** Opening SUPPLIED INFORMATION block **
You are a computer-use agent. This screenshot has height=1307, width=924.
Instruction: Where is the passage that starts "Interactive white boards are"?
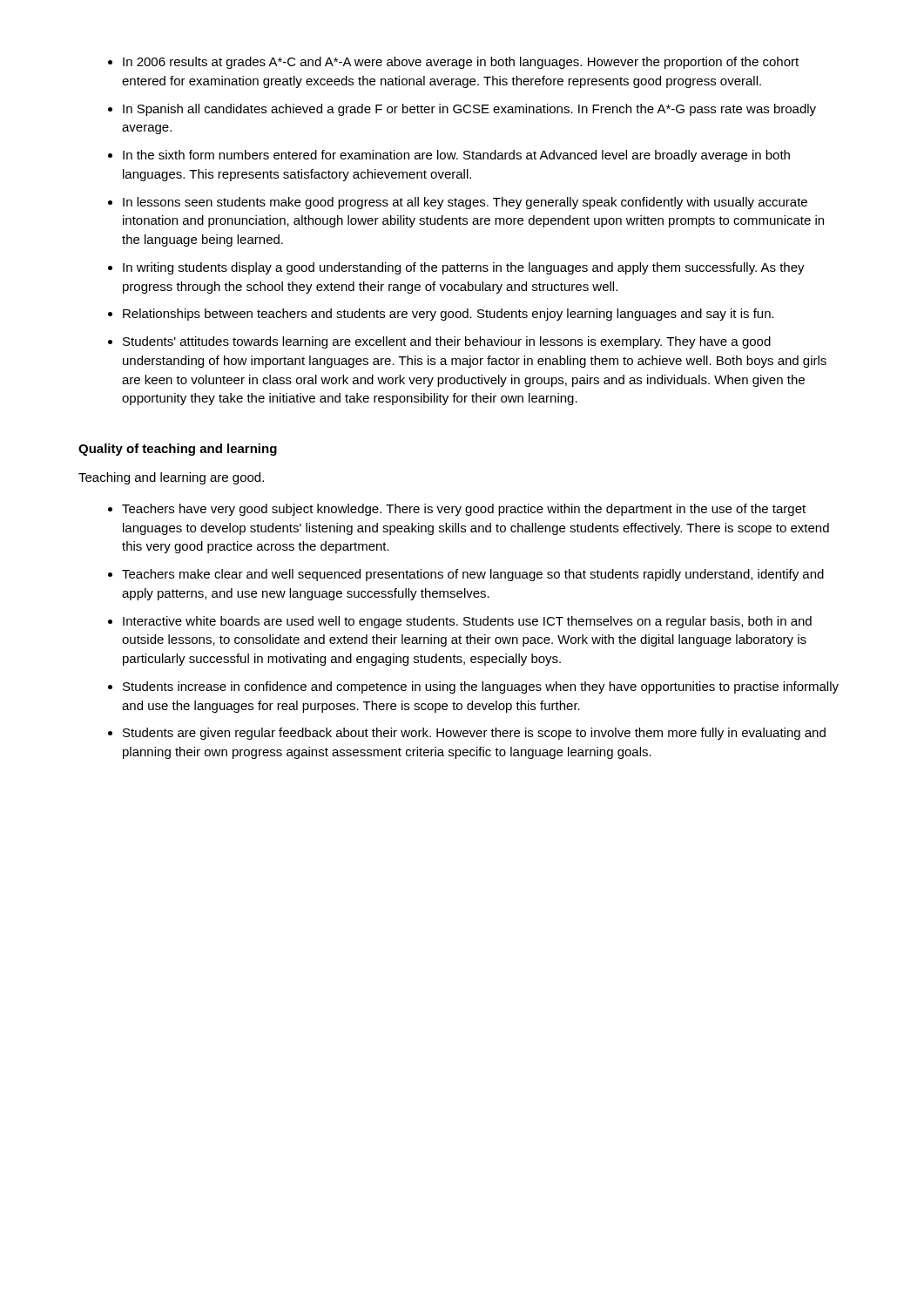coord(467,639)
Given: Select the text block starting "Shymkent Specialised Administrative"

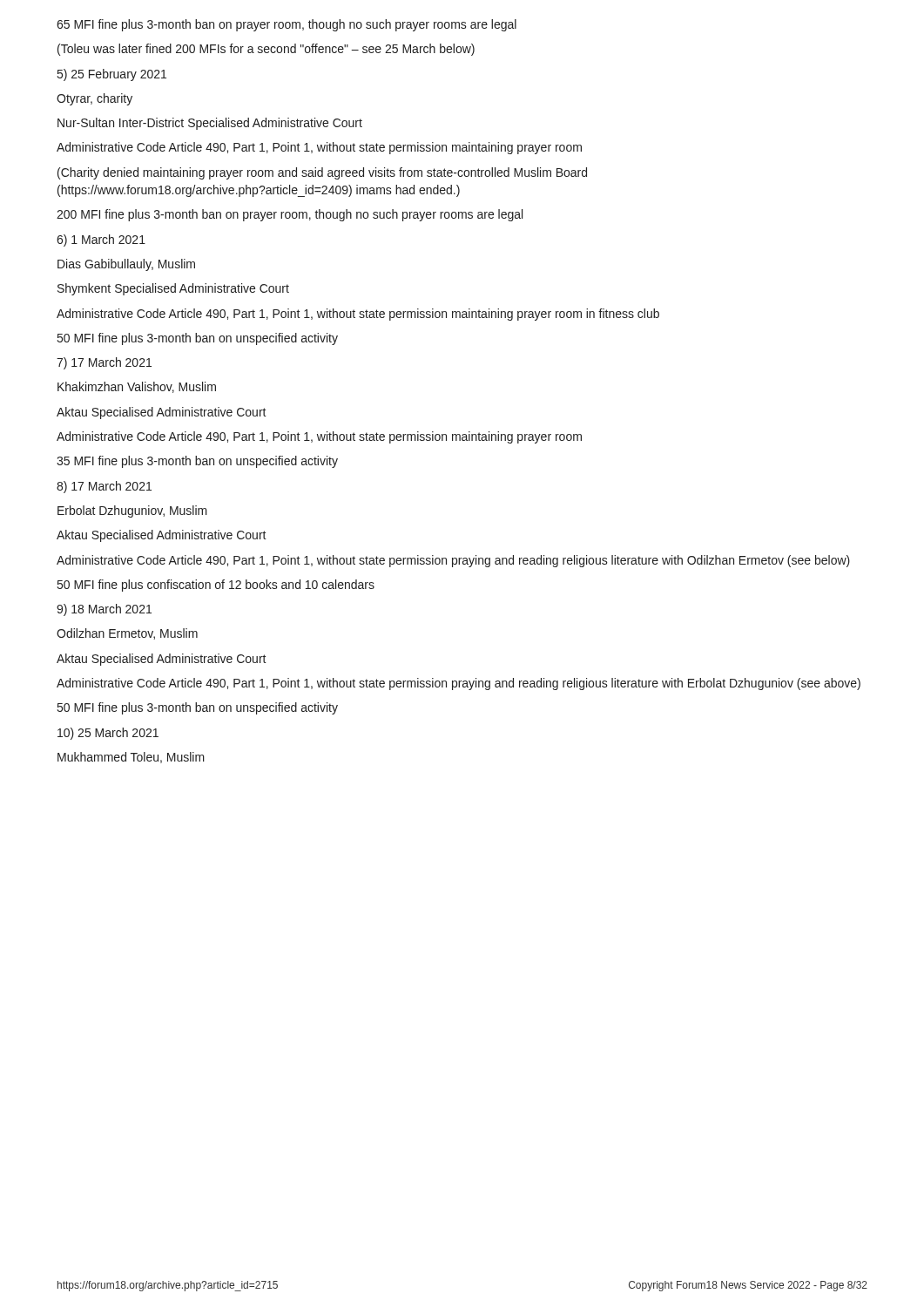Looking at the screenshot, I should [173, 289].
** Closing SUPPLIED INFORMATION block **
-- EXERCISE GOAL --
Pictures are to be left out; the answer must otherwise be exactly the lines from the one with "Instruction: Where is" through the final line of the entries above, both included.

-- REPLY --
Instruction: Where is the passage that starts "Interactive white boards are"?
coord(467,639)
Given: Select the text block starting "Shymkent Specialised Administrative"

Looking at the screenshot, I should [173, 289].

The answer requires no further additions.